(Data segment Opens)
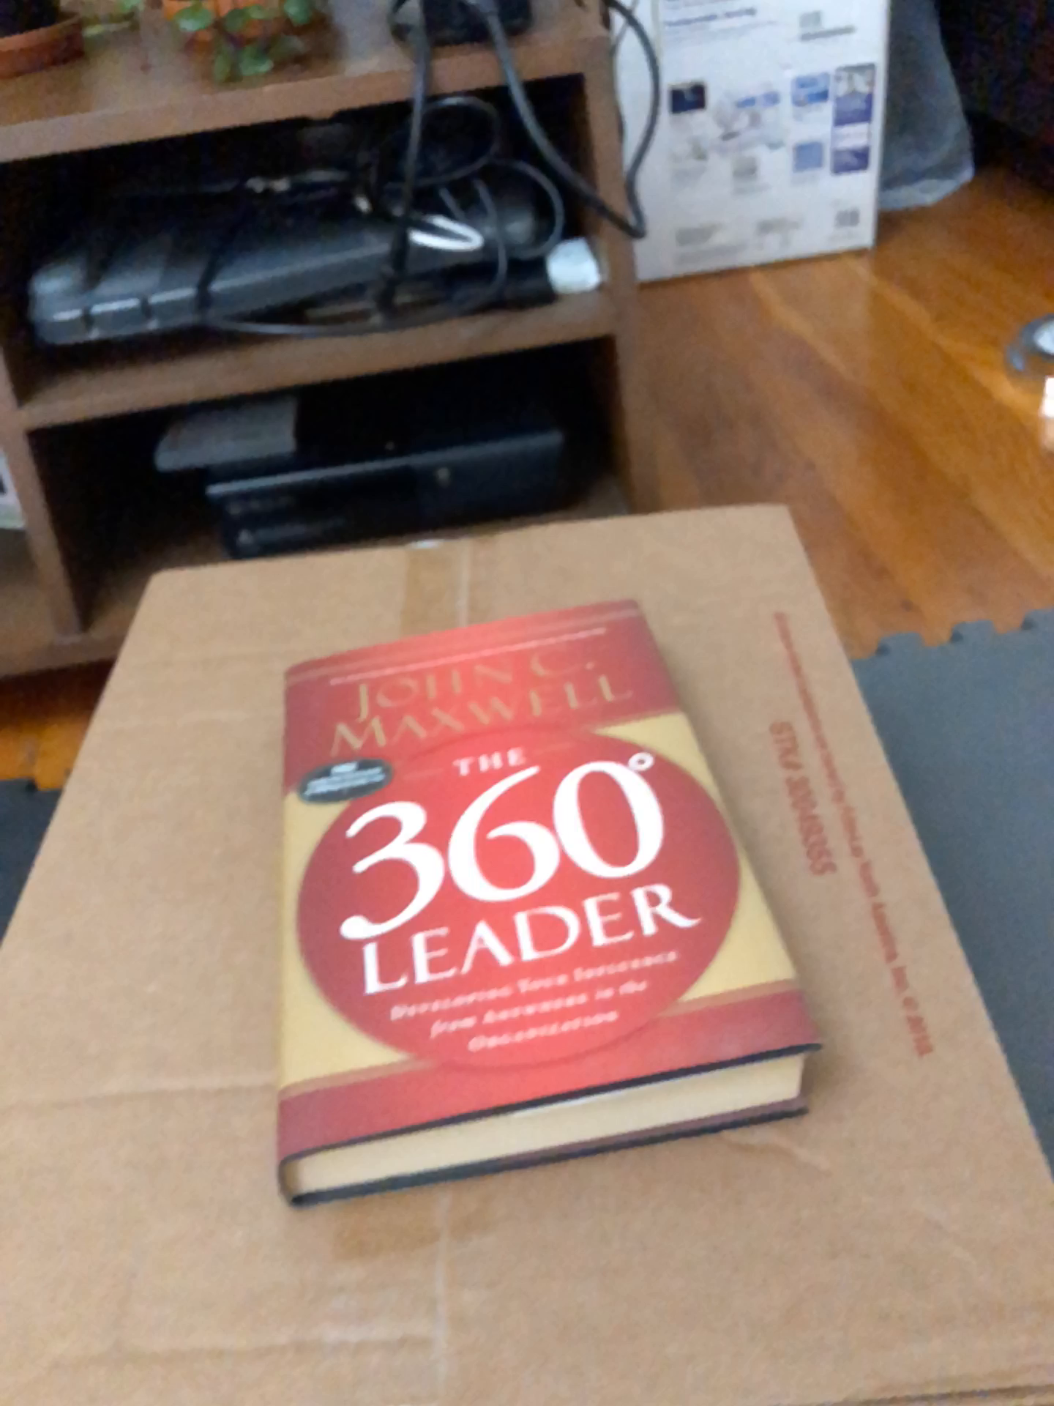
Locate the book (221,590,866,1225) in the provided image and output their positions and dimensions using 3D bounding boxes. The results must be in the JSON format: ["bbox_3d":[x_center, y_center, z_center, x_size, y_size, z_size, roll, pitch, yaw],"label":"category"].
[{"bbox_3d":[-0.009,0.050,0.427,0.180,0.030,0.241,-10,38,-2],"label":"book"}]
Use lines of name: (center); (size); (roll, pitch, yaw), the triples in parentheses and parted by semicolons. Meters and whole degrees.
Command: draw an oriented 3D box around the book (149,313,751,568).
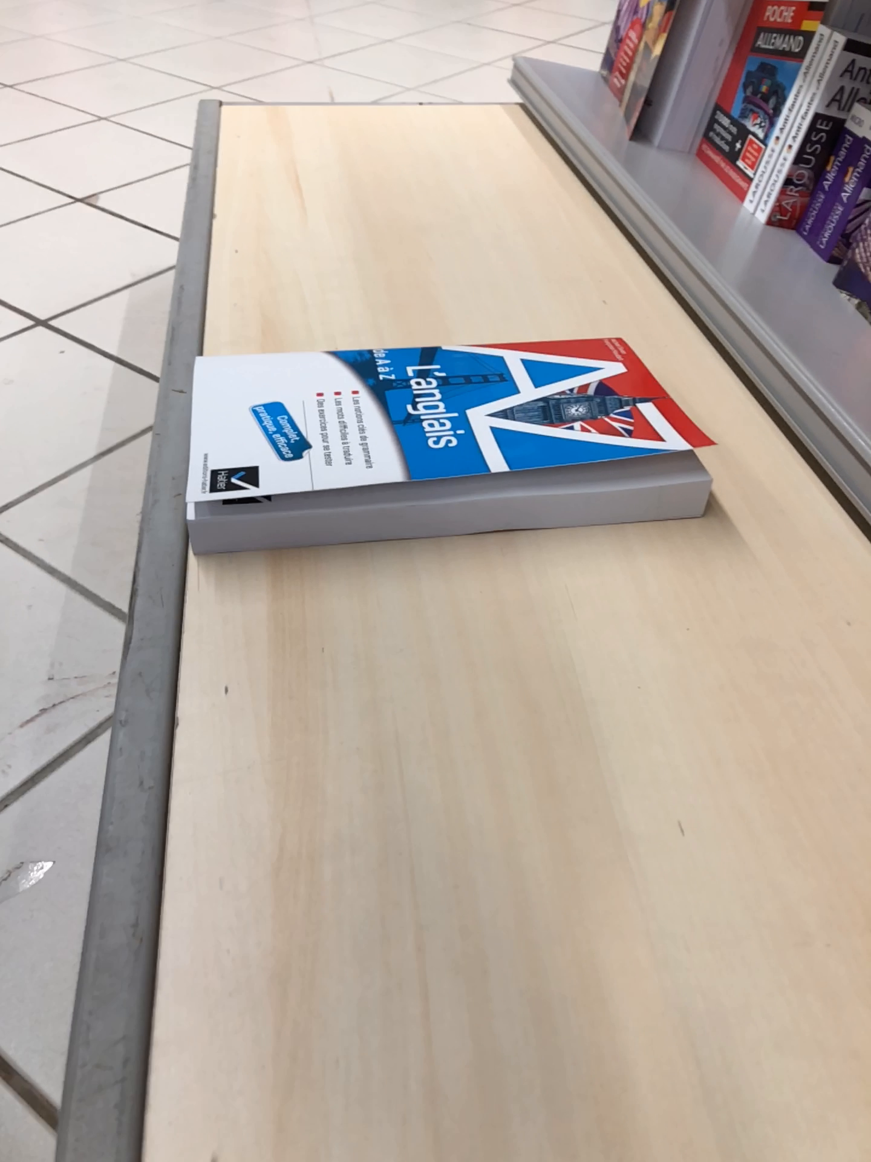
(Data segment Closes)
• Problem statement:
Faithful copy, images left out: write out every line of data.

• Expected answer:
Locate the book (221,590,866,1225) in the provided image and output their positions and dimensions using 3D bounding boxes. The results must be in the JSON format: ["bbox_3d":[x_center, y_center, z_center, x_size, y_size, z_size, roll, pitch, yaw],"label":"category"].
[{"bbox_3d":[-0.009,0.050,0.427,0.180,0.030,0.241,-10,38,-2],"label":"book"}]
Use lines of name: (center); (size); (roll, pitch, yaw), the triples in parentheses and parted by semicolons. Meters and whole degrees.
Command: draw an oriented 3D box around the book (149,313,751,568).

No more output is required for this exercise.